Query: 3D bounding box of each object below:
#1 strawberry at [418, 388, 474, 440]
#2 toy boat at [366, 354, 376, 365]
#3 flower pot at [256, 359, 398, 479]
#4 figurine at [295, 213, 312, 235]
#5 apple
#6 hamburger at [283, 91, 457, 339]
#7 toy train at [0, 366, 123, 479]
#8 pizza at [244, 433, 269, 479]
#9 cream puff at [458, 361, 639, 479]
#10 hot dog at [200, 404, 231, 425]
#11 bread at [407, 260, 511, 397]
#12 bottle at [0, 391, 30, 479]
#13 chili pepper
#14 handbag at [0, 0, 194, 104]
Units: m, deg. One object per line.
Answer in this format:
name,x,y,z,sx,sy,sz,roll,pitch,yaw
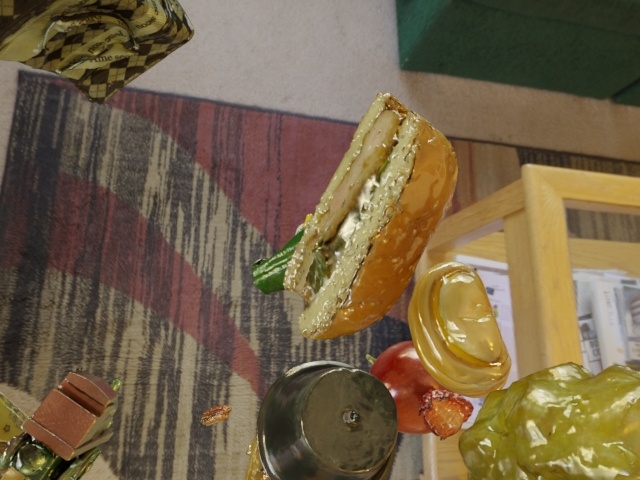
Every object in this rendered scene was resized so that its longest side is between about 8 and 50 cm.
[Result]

──────

Pictures stay out of the copy; please restate every record above exactly.

Query: 3D bounding box of each object below:
#1 strawberry at [418, 388, 474, 440]
#2 toy boat at [366, 354, 376, 365]
#3 flower pot at [256, 359, 398, 479]
#4 figurine at [295, 213, 312, 235]
#5 apple
#6 hamburger at [283, 91, 457, 339]
#7 toy train at [0, 366, 123, 479]
#8 pizza at [244, 433, 269, 479]
#9 cream puff at [458, 361, 639, 479]
#10 hot dog at [200, 404, 231, 425]
#11 bread at [407, 260, 511, 397]
#12 bottle at [0, 391, 30, 479]
#13 chili pepper
#14 handbag at [0, 0, 194, 104]
Units: m, deg. One object per line.
Answer in this format:
name,x,y,z,sx,sy,sz,roll,pitch,yaw
Every object in this rendered scene was resized so that its longest side is between about 8 and 50 cm.
[Result]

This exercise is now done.